MSE = metrics.mean_squared_error(y_test, y_pred)
RMSE = np.sqrt(MSE)

print(f'Test MSE : {np.around(MSE, 3)}')
print(f'Test RMSE: {np.around(RMSE, 3)}')

### 3.3 AdaBoost
![image.png](attachment:image.png)

In [None]:
#2. AdaBoost

from sklearn.ensemble import AdaBoostRegressor

ada_reg = AdaBoostRegressor(DecisionTreeRegressor(max_depth=3), learning_rate=0.5, 
                            n_estimators=350, random_state=42)

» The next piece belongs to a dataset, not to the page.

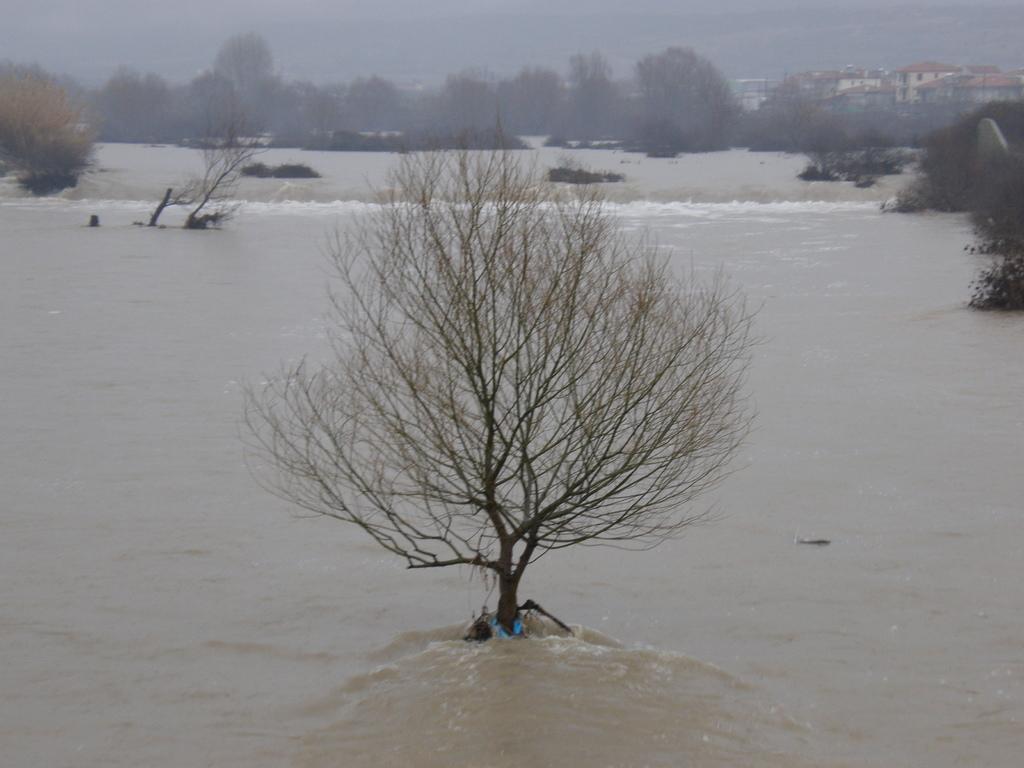Could you give a brief overview of what you see in this image? In this picture we can see water and trees. Far there are houses. 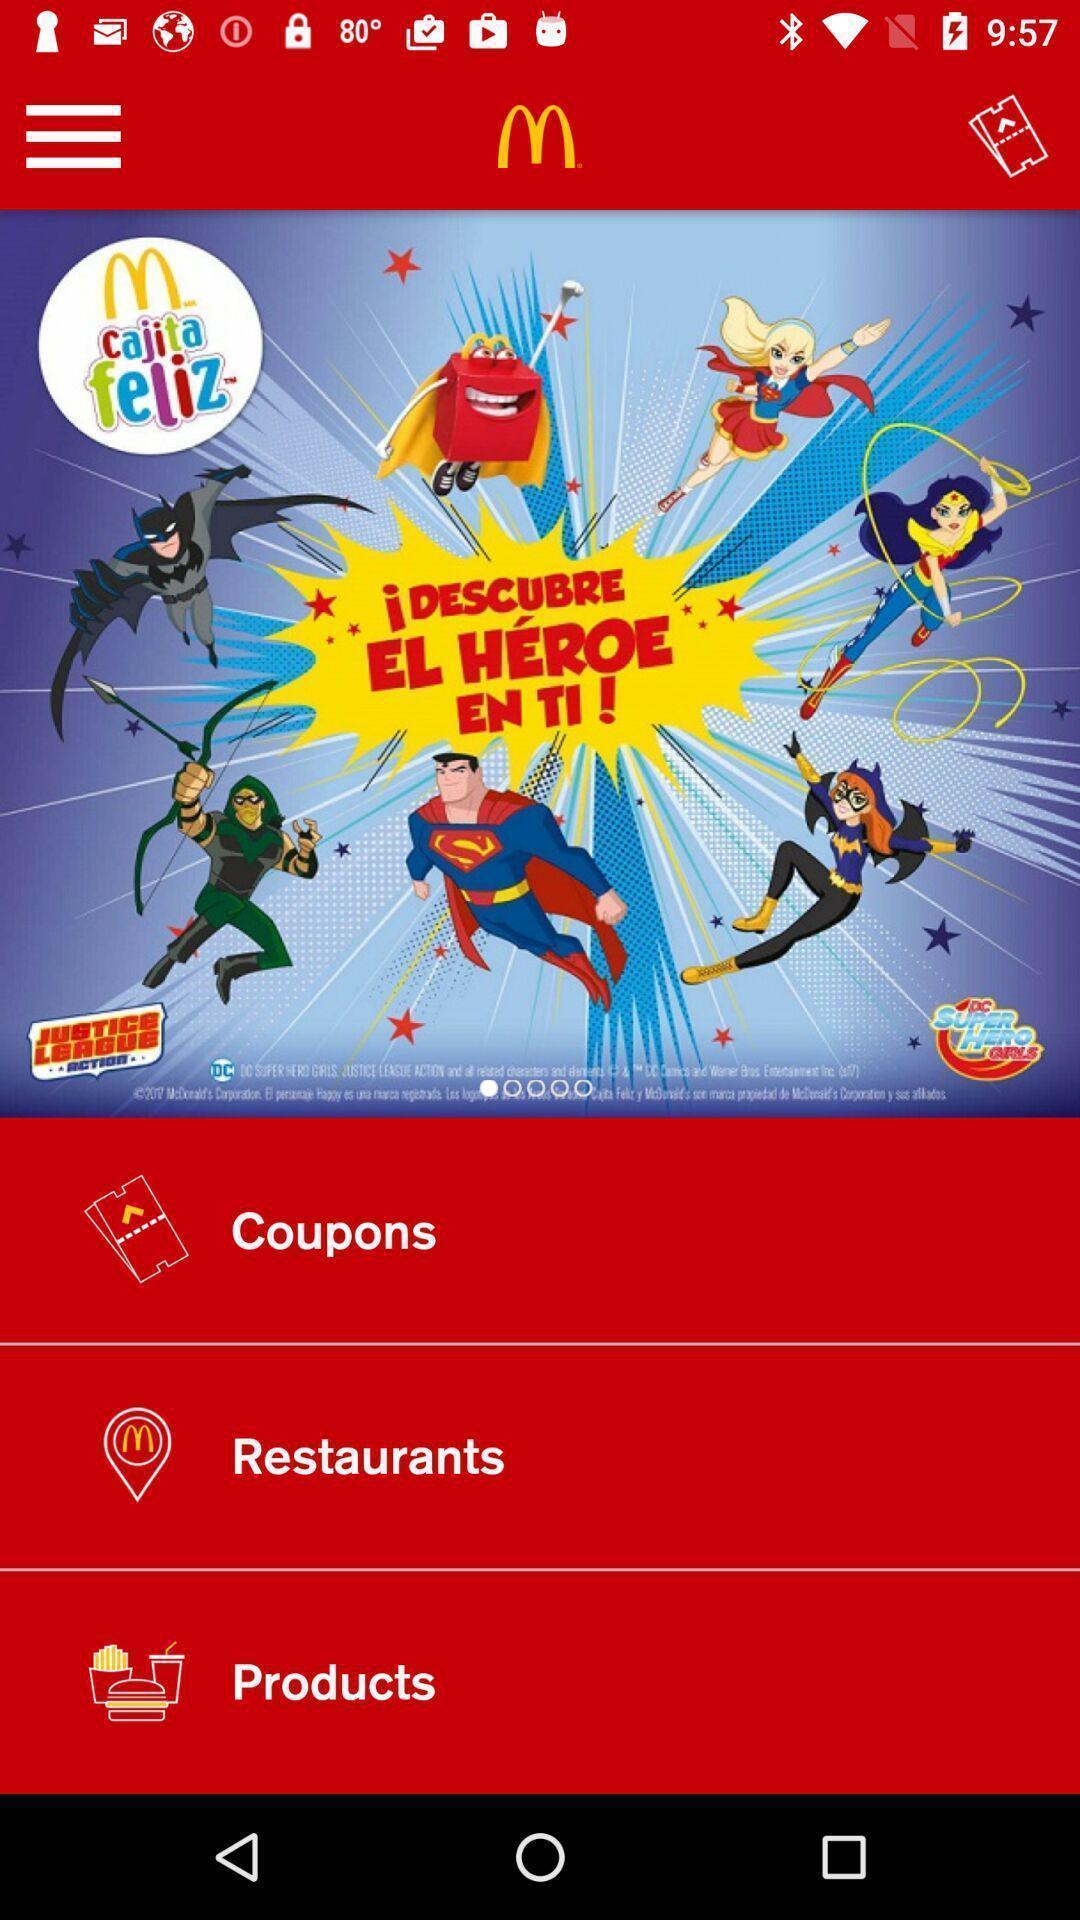Give me a narrative description of this picture. Screen shows about coupons on a food app.

ada_reg.fit(X_train, y_train)

y_pred = ada_reg.predict(X_test)

MSE = metrics.mean_squared_error(y_test, y_pred)
RMSE = np.sqrt(MSE)

print(f'Test MSE : {np.around(MSE, 3)}')
print(f'Test RMSE: {np.around(RMSE, 3)}')

### 3.4 GradientBoost
![image.png](attachment:image.png)

In [None]:
from sklearn.ensemble import GradientBoostingRegressor

gb_reg = GradientBoostingRegressor(max_depth=3, n_estimators=350, learning_rate=0.5, random_state=42)
gb_reg.fit(X_train, y_train)


y_pred = gb_reg.predict(X_test)

MSE = metrics.mean_squared_error(y_test, y_pred)
RMSE = np.sqrt(MSE)

print(f'Test MSE : {np.around(MSE, 3)}')
print(f'Test RMSE: {np.around(RMSE, 3)}')

### 3.4 XGboost

In [None]:
import xgboost as xgb

xgb_reg = xgb.XGBRegressor(max_depth=3, n_estimators=350, learning_rate=0.5, random_state=42)
xgb_reg.fit(X_train, y_train)


y_pred = xgb_reg.predict(X_test)

MSE = metrics.mean_squared_error(y_test, y_pred)
RMSE = np.sqrt(MSE)

print(f'Test MSE : {np.around(MSE, 3)}')
print(f'Test RMSE: {np.around(RMSE, 3)}')

### 3.5 LightGBM

In [None]:
import lightgbm as lgb

lgb_reg = lgb.LGBMRegressor(max_depth=3, n_estimators=350, learning_rate=0.5, random_state=42)
lgb_reg.fit(X_train, y_train)


y_pred = lgb_reg.predict(X_test)

MSE = metrics.mean_squared_error(y_test, y_pred)
RMSE = np.sqrt(MSE)

print(f'Test MSE : {np.around(MSE, 3)}')
print(f'Test RMSE: {np.around(RMSE, 3)}')

## 4. Conclusion

Decision Tree model has some advantages :
    - Simple to understand and interpret
    - Able to handle both numerical and categorical data
    - Useful in data exploration
    - Require little data preparation
    - Non-parametric method
    - Possible to validate a model using statistical tests
    
But it also has some disadvantages too :
    - Trees can be very non-robust 
    - Overfitting
    
To overcome decision tree's disadvantages, we can build Random forest or other Ensemble models, and they are even perform very well and the improvement is proved by this ML processing (decreasing RMSE).

When we build model, if we want to find out which Ensemble model does perform well in our data, we should look into data types, appropriate model kinds and tuning hyperparameter in further ML processing.